Saturday 1 November 2008

Some Thoughts on Article 153

Has article 153 and other provisions of such nature, solved many of the problems facing the Malays?

  1. Economics- share in country’s wealth
  2. Increase productivity of Malays upon which wealth must be predicated?
  3. Education- produced the numbers required

If the overall answer is an overwhelming NO, then it is reasonable to state, that article 153 is not the BIG issue. You have article 153, yet the Malays have not achieved what the article is meant to do. You have article 153, yet it has not stopped the non Malays from getting what they want. In business. Who has enjoyed more benefits? By and large, non Malays in particular, the Chinese have dominated business as a result of industriousness and abilities. Hello people! The LOATHING on people who get ahead by capitalising on some legislative factors, is NOT the monopoly of non Malays. The majority of Malays are also angry at these parasitic elite.

Article 153 stopped the Chinese from doing businesses? Housing? In spite of the discount giveable, in private housings, are the Malays within the legal quota? In many cases, the requirement for a certain quota is made valid for a certain finite period, say 12 months. After the period is breached, the available unsellable houses are sold to non Malays. Despite the quota on housing, non Malays still get to buy houses.

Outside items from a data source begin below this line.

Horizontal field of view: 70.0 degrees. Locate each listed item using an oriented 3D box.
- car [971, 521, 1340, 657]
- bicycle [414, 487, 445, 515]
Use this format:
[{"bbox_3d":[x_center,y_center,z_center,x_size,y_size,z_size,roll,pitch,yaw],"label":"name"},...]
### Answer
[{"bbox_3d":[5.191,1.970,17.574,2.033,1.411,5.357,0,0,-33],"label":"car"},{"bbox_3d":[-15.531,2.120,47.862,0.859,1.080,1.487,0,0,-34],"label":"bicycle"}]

Meaning article 153 has not stopped them from owing houses. The Malays because of financial limitation, in spite of the enabling article 153, have not been able to enjoy better housing facilities. No money no talk- nor article 153.

It would be a mistake to assume that only Chinese and other non Malays are the only ones opposed to Article 153. In so far, as the article has made it possible for the well connected elite to skim of the fat in the name of the Malays which the article was originally meant to assist, the majority of Malays have found it to be objectionable. It is also looked on as unconscionable that only a privileged few, benefiting from the status of Bumiputera, despite having a derisive attitude on the majority of Malays appear to have benefited more.

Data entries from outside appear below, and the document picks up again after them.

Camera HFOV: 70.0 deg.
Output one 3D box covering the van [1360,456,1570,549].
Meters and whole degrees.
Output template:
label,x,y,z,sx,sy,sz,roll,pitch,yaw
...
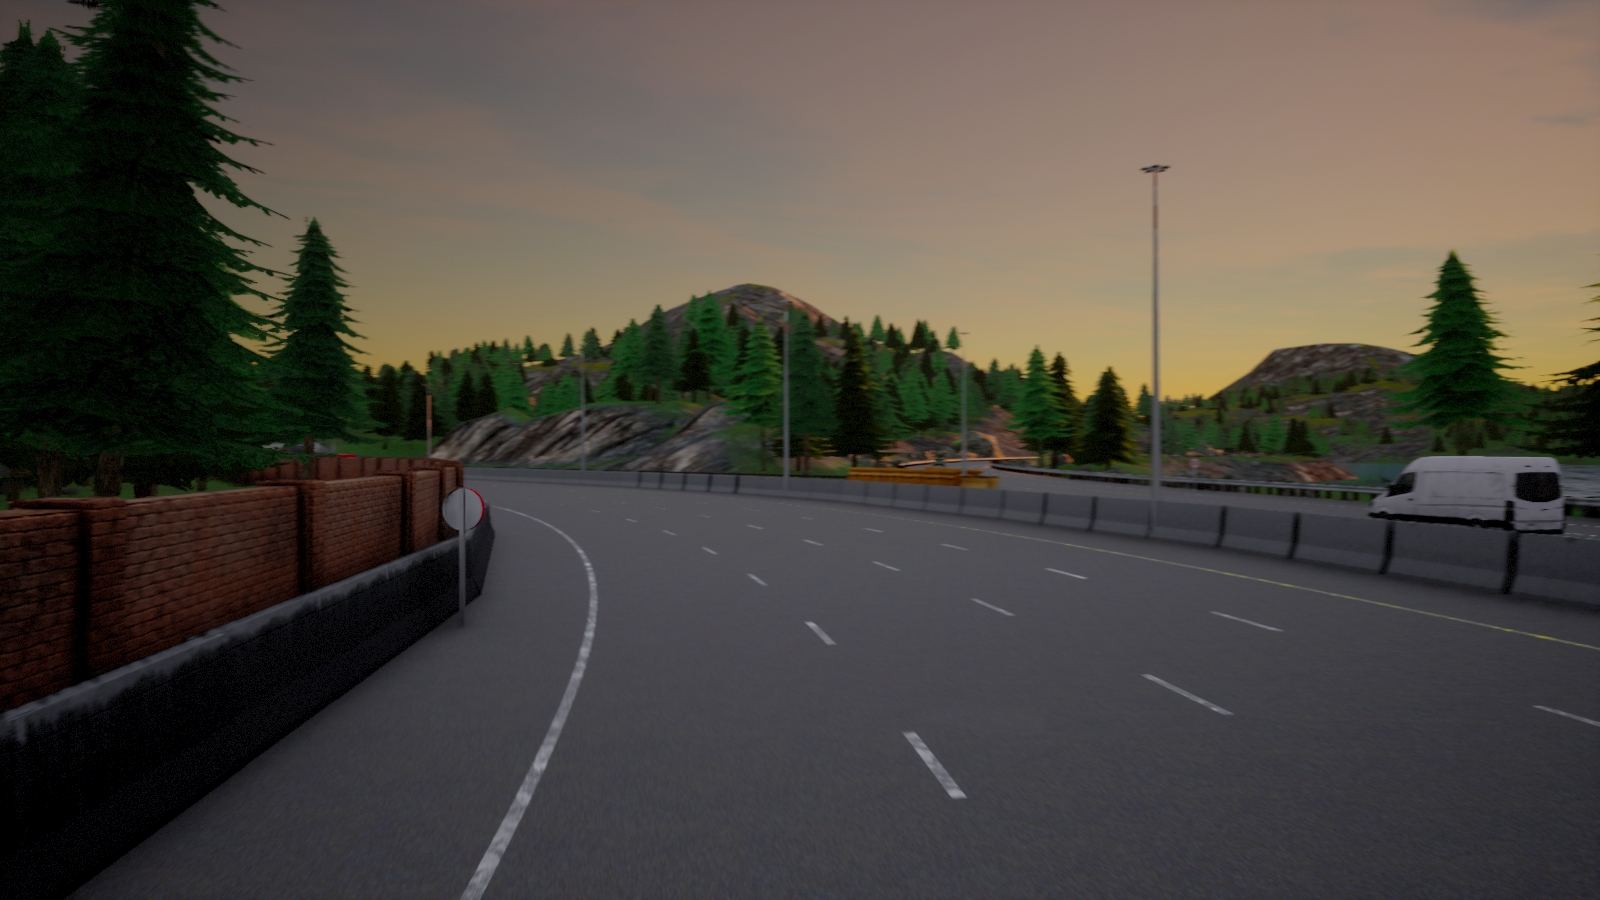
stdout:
label,x,y,z,sx,sy,sz,roll,pitch,yaw
van,20.080,1.474,34.917,1.988,2.561,5.915,0,0,-14

So you have struck a common ground. There are those non Malays who find article 153 repulsive and a majority of Malays who also find article 153 objectionable. Only the reasons differ. Lets see.

What’s the bone of contention as regards article 153? Sad but true, because its seen primarily from the angle of race. It’s the Malay article. Its objected because its Malay. Then non Malays’ objection is premised on their deep-seated contempt on Malays. As a result, a more objective rejection on article 153 BECAUSE in reality, it’s an exploitative legal device when put into PRACTICE that has injured ALL, fails to be fully appreciated.

So ask ourselves, the renewed vigour which has induced recent MCA leaders to become more vociferous and loud, was it prompted by this second reasoning? Or simply because its perceived to a Malay article? The MCA has suddenly found a embolden voice and has begun to question article 153. Of course, the DAP has made it a lifelong vocation and habit to call for the dismantling of article 153.

The MCA seem to think its one-upmanship and grandstanding by using article 153 will win it brownie points to fortify its own political fortunes. It must champion an issue to stay relevant.

Sakmongkol suggests that a better way to stay relevant is t offer a blueprint to help the Malays progress.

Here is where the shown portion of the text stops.